PP - 7
Anne zag dat Pieter en de anderen op het punt stonden om te vertrekken. Alleen Jonas zag ze niet. Zou hij niet met ze meegaan? Het verbaasde haar ook dat ze enkel de mannen zag die ze al eerder had gezien. Als ze de geruchten mocht geloven waren ze nooit met minder dan twintig tot dertig man geweest. Er stond ook een jongen bij hen:
“Mag ik echt niet mee?”
“Nee, jij bent nog veel te jong, jij blijft hier”, antwoordde Pieter vastbesloten.

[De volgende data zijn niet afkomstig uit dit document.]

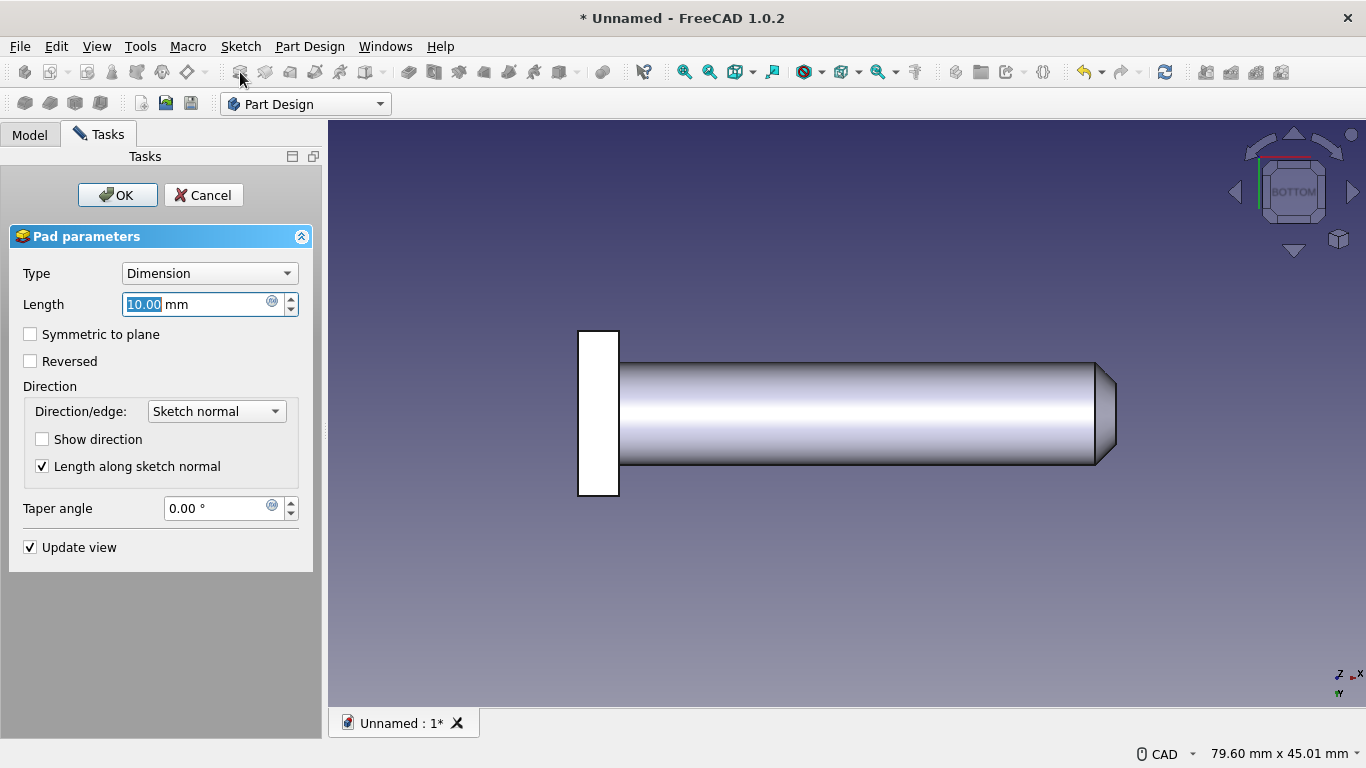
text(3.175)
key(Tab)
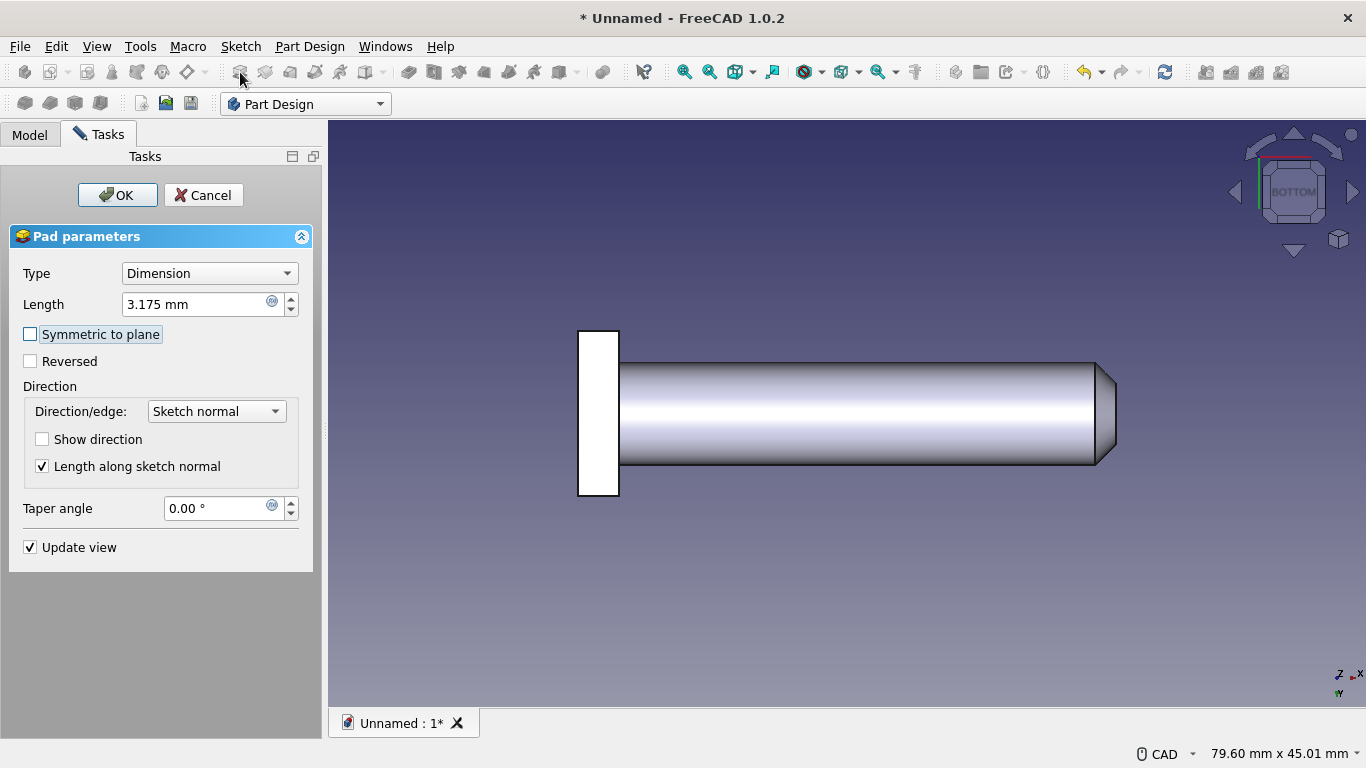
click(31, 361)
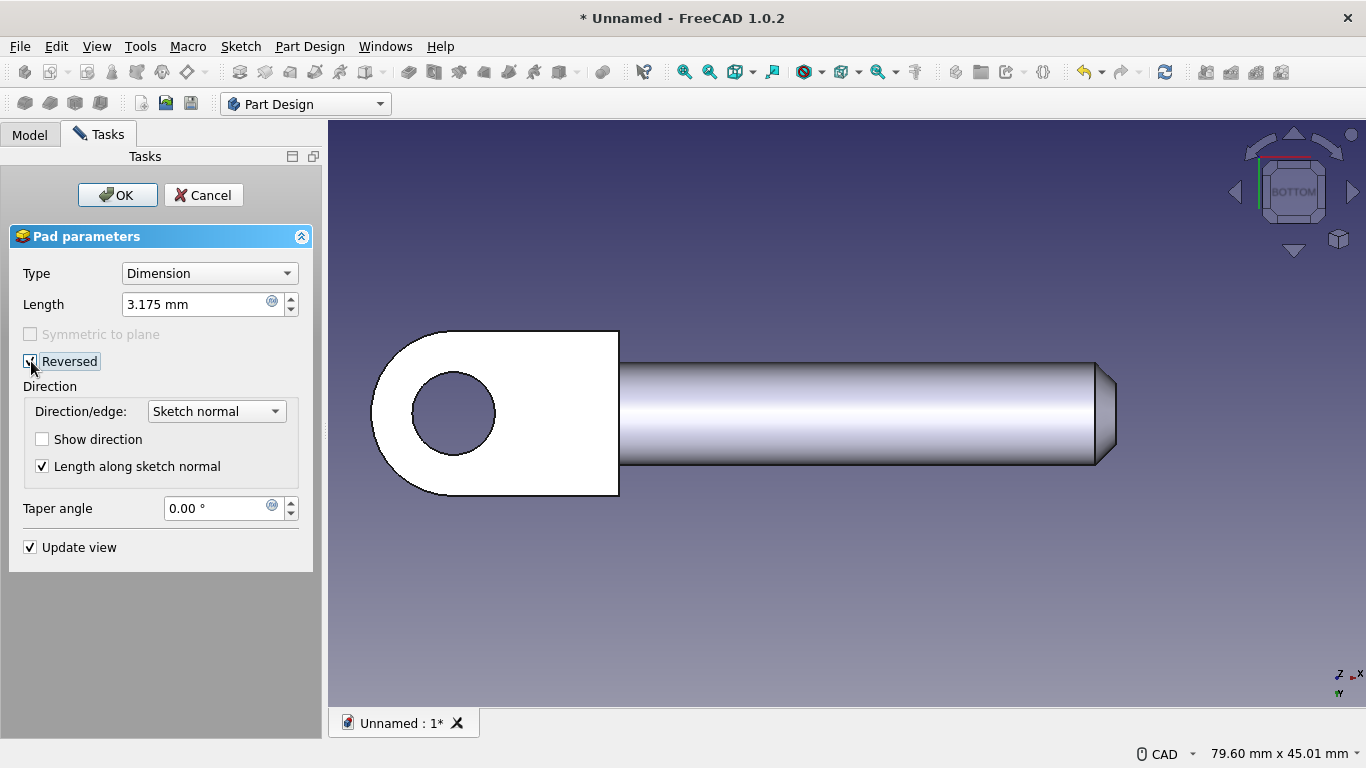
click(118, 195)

“Ik ben al veertien,” zeurde de jongen.
“Nee, Berend, hoe vaak moet ik het je nog zeggen je gaat niet mee!” riep Pieter. Het was blijkbaar niet de eerste keer dat dit voorviel.
“Je bent mijn vader niet!” zeurde Berend door.
“Je hebt gelijk”, Er verscheen een grijns op het gezicht van de jongen, “Ik mag dus niet zeggen dat je mee mag.” De grijns was direct verdwenen.
“Niet eerlijk,” mompelde Berend. Hij draaide zich om en liep weg. Het meisje Annicka, dat hen die morgen was komen wekken liep naar hem toe.
“Nu had Pieter je goed liggen, hé?” Ze gierde het uit. Anne zag dat ze erg op elkaar leken; waarschijnlijk waren ze broer en zus.
“Wedden dat Lennerd wel mee mag als hij veertien is?” bromde Berend.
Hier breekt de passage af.